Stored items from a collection
=== Section Start ===

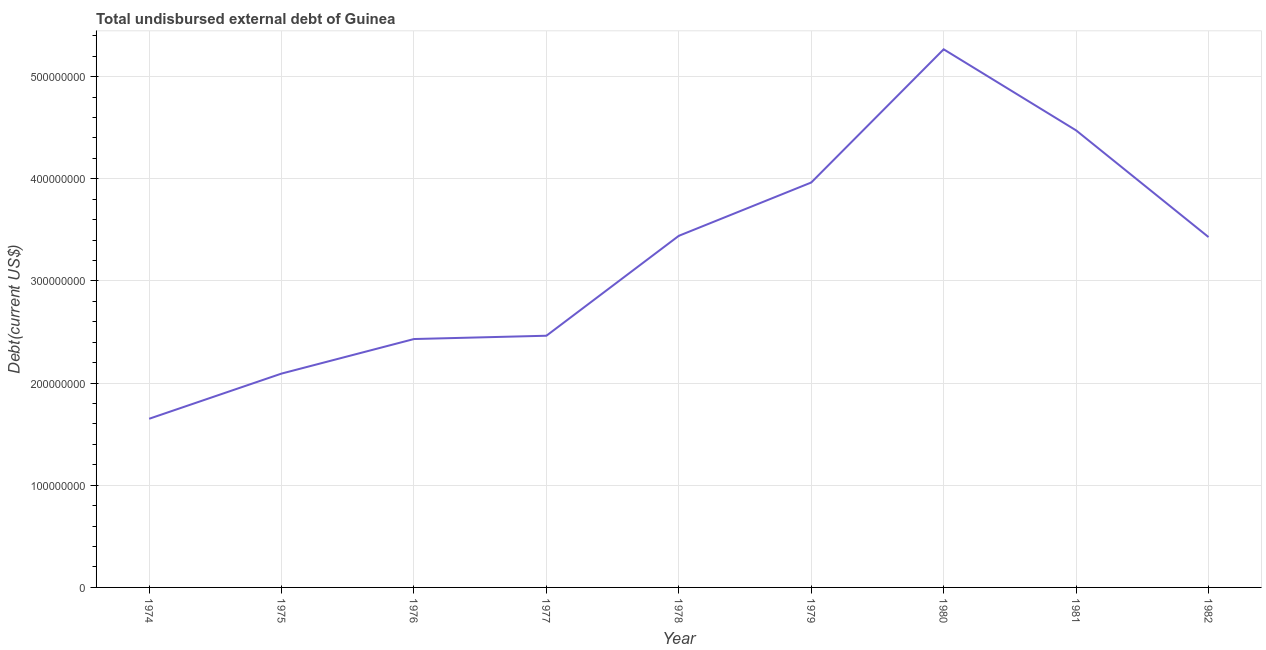What is the total debt in 1976?
Your answer should be compact. 2.43e+08. Across all years, what is the maximum total debt?
Keep it short and to the point. 5.27e+08. Across all years, what is the minimum total debt?
Your response must be concise. 1.65e+08. In which year was the total debt minimum?
Offer a terse response. 1974. What is the sum of the total debt?
Your response must be concise. 2.92e+09. What is the difference between the total debt in 1976 and 1982?
Keep it short and to the point. -9.98e+07. What is the average total debt per year?
Provide a succinct answer. 3.25e+08. What is the median total debt?
Provide a short and direct response. 3.43e+08. In how many years, is the total debt greater than 220000000 US$?
Offer a terse response. 7. What is the ratio of the total debt in 1975 to that in 1980?
Your answer should be very brief. 0.4. What is the difference between the highest and the second highest total debt?
Provide a short and direct response. 7.94e+07. Is the sum of the total debt in 1980 and 1981 greater than the maximum total debt across all years?
Your answer should be compact. Yes. What is the difference between the highest and the lowest total debt?
Make the answer very short. 3.62e+08. Does the total debt monotonically increase over the years?
Offer a very short reply. No. How many lines are there?
Provide a succinct answer. 1. How many years are there in the graph?
Your response must be concise. 9. What is the difference between two consecutive major ticks on the Y-axis?
Provide a short and direct response. 1.00e+08. Does the graph contain any zero values?
Ensure brevity in your answer.  No. What is the title of the graph?
Offer a terse response. Total undisbursed external debt of Guinea. What is the label or title of the X-axis?
Give a very brief answer. Year. What is the label or title of the Y-axis?
Provide a succinct answer. Debt(current US$). What is the Debt(current US$) of 1974?
Offer a terse response. 1.65e+08. What is the Debt(current US$) of 1975?
Give a very brief answer. 2.09e+08. What is the Debt(current US$) of 1976?
Provide a short and direct response. 2.43e+08. What is the Debt(current US$) of 1977?
Provide a succinct answer. 2.46e+08. What is the Debt(current US$) of 1978?
Make the answer very short. 3.44e+08. What is the Debt(current US$) of 1979?
Provide a short and direct response. 3.96e+08. What is the Debt(current US$) in 1980?
Keep it short and to the point. 5.27e+08. What is the Debt(current US$) of 1981?
Make the answer very short. 4.47e+08. What is the Debt(current US$) of 1982?
Your answer should be compact. 3.43e+08. What is the difference between the Debt(current US$) in 1974 and 1975?
Keep it short and to the point. -4.42e+07. What is the difference between the Debt(current US$) in 1974 and 1976?
Your answer should be very brief. -7.80e+07. What is the difference between the Debt(current US$) in 1974 and 1977?
Offer a terse response. -8.13e+07. What is the difference between the Debt(current US$) in 1974 and 1978?
Offer a terse response. -1.79e+08. What is the difference between the Debt(current US$) in 1974 and 1979?
Offer a terse response. -2.31e+08. What is the difference between the Debt(current US$) in 1974 and 1980?
Provide a short and direct response. -3.62e+08. What is the difference between the Debt(current US$) in 1974 and 1981?
Your response must be concise. -2.82e+08. What is the difference between the Debt(current US$) in 1974 and 1982?
Ensure brevity in your answer.  -1.78e+08. What is the difference between the Debt(current US$) in 1975 and 1976?
Provide a succinct answer. -3.38e+07. What is the difference between the Debt(current US$) in 1975 and 1977?
Make the answer very short. -3.70e+07. What is the difference between the Debt(current US$) in 1975 and 1978?
Your response must be concise. -1.35e+08. What is the difference between the Debt(current US$) in 1975 and 1979?
Your answer should be very brief. -1.87e+08. What is the difference between the Debt(current US$) in 1975 and 1980?
Keep it short and to the point. -3.17e+08. What is the difference between the Debt(current US$) in 1975 and 1981?
Offer a terse response. -2.38e+08. What is the difference between the Debt(current US$) in 1975 and 1982?
Offer a very short reply. -1.34e+08. What is the difference between the Debt(current US$) in 1976 and 1977?
Your answer should be very brief. -3.22e+06. What is the difference between the Debt(current US$) in 1976 and 1978?
Offer a terse response. -1.01e+08. What is the difference between the Debt(current US$) in 1976 and 1979?
Keep it short and to the point. -1.53e+08. What is the difference between the Debt(current US$) in 1976 and 1980?
Your response must be concise. -2.84e+08. What is the difference between the Debt(current US$) in 1976 and 1981?
Make the answer very short. -2.04e+08. What is the difference between the Debt(current US$) in 1976 and 1982?
Provide a succinct answer. -9.98e+07. What is the difference between the Debt(current US$) in 1977 and 1978?
Your answer should be compact. -9.78e+07. What is the difference between the Debt(current US$) in 1977 and 1979?
Provide a succinct answer. -1.50e+08. What is the difference between the Debt(current US$) in 1977 and 1980?
Your answer should be compact. -2.80e+08. What is the difference between the Debt(current US$) in 1977 and 1981?
Make the answer very short. -2.01e+08. What is the difference between the Debt(current US$) in 1977 and 1982?
Provide a succinct answer. -9.66e+07. What is the difference between the Debt(current US$) in 1978 and 1979?
Your answer should be very brief. -5.22e+07. What is the difference between the Debt(current US$) in 1978 and 1980?
Provide a short and direct response. -1.83e+08. What is the difference between the Debt(current US$) in 1978 and 1981?
Provide a succinct answer. -1.03e+08. What is the difference between the Debt(current US$) in 1978 and 1982?
Ensure brevity in your answer.  1.25e+06. What is the difference between the Debt(current US$) in 1979 and 1980?
Offer a very short reply. -1.30e+08. What is the difference between the Debt(current US$) in 1979 and 1981?
Your answer should be very brief. -5.10e+07. What is the difference between the Debt(current US$) in 1979 and 1982?
Provide a succinct answer. 5.34e+07. What is the difference between the Debt(current US$) in 1980 and 1981?
Your answer should be very brief. 7.94e+07. What is the difference between the Debt(current US$) in 1980 and 1982?
Provide a short and direct response. 1.84e+08. What is the difference between the Debt(current US$) in 1981 and 1982?
Your response must be concise. 1.04e+08. What is the ratio of the Debt(current US$) in 1974 to that in 1975?
Provide a succinct answer. 0.79. What is the ratio of the Debt(current US$) in 1974 to that in 1976?
Keep it short and to the point. 0.68. What is the ratio of the Debt(current US$) in 1974 to that in 1977?
Make the answer very short. 0.67. What is the ratio of the Debt(current US$) in 1974 to that in 1978?
Offer a terse response. 0.48. What is the ratio of the Debt(current US$) in 1974 to that in 1979?
Ensure brevity in your answer.  0.42. What is the ratio of the Debt(current US$) in 1974 to that in 1980?
Give a very brief answer. 0.31. What is the ratio of the Debt(current US$) in 1974 to that in 1981?
Keep it short and to the point. 0.37. What is the ratio of the Debt(current US$) in 1974 to that in 1982?
Keep it short and to the point. 0.48. What is the ratio of the Debt(current US$) in 1975 to that in 1976?
Keep it short and to the point. 0.86. What is the ratio of the Debt(current US$) in 1975 to that in 1977?
Make the answer very short. 0.85. What is the ratio of the Debt(current US$) in 1975 to that in 1978?
Provide a succinct answer. 0.61. What is the ratio of the Debt(current US$) in 1975 to that in 1979?
Provide a succinct answer. 0.53. What is the ratio of the Debt(current US$) in 1975 to that in 1980?
Your answer should be very brief. 0.4. What is the ratio of the Debt(current US$) in 1975 to that in 1981?
Your response must be concise. 0.47. What is the ratio of the Debt(current US$) in 1975 to that in 1982?
Give a very brief answer. 0.61. What is the ratio of the Debt(current US$) in 1976 to that in 1977?
Give a very brief answer. 0.99. What is the ratio of the Debt(current US$) in 1976 to that in 1978?
Provide a short and direct response. 0.71. What is the ratio of the Debt(current US$) in 1976 to that in 1979?
Provide a succinct answer. 0.61. What is the ratio of the Debt(current US$) in 1976 to that in 1980?
Make the answer very short. 0.46. What is the ratio of the Debt(current US$) in 1976 to that in 1981?
Your answer should be very brief. 0.54. What is the ratio of the Debt(current US$) in 1976 to that in 1982?
Make the answer very short. 0.71. What is the ratio of the Debt(current US$) in 1977 to that in 1978?
Ensure brevity in your answer.  0.72. What is the ratio of the Debt(current US$) in 1977 to that in 1979?
Keep it short and to the point. 0.62. What is the ratio of the Debt(current US$) in 1977 to that in 1980?
Offer a terse response. 0.47. What is the ratio of the Debt(current US$) in 1977 to that in 1981?
Provide a succinct answer. 0.55. What is the ratio of the Debt(current US$) in 1977 to that in 1982?
Offer a terse response. 0.72. What is the ratio of the Debt(current US$) in 1978 to that in 1979?
Keep it short and to the point. 0.87. What is the ratio of the Debt(current US$) in 1978 to that in 1980?
Provide a succinct answer. 0.65. What is the ratio of the Debt(current US$) in 1978 to that in 1981?
Your answer should be compact. 0.77. What is the ratio of the Debt(current US$) in 1978 to that in 1982?
Your answer should be very brief. 1. What is the ratio of the Debt(current US$) in 1979 to that in 1980?
Your answer should be compact. 0.75. What is the ratio of the Debt(current US$) in 1979 to that in 1981?
Provide a succinct answer. 0.89. What is the ratio of the Debt(current US$) in 1979 to that in 1982?
Your response must be concise. 1.16. What is the ratio of the Debt(current US$) in 1980 to that in 1981?
Keep it short and to the point. 1.18. What is the ratio of the Debt(current US$) in 1980 to that in 1982?
Offer a very short reply. 1.54. What is the ratio of the Debt(current US$) in 1981 to that in 1982?
Give a very brief answer. 1.3.

=== Section End ===

## Exercise brief
Starting with the first line of the data, transcribe every line exactly through the one containing "Your response must be concise. 1.65e+08.". No pictures go in.

## Written response
What is the total debt in 1976?
Your answer should be compact. 2.43e+08. Across all years, what is the maximum total debt?
Keep it short and to the point. 5.27e+08. Across all years, what is the minimum total debt?
Your response must be concise. 1.65e+08. In which year was the total debt minimum?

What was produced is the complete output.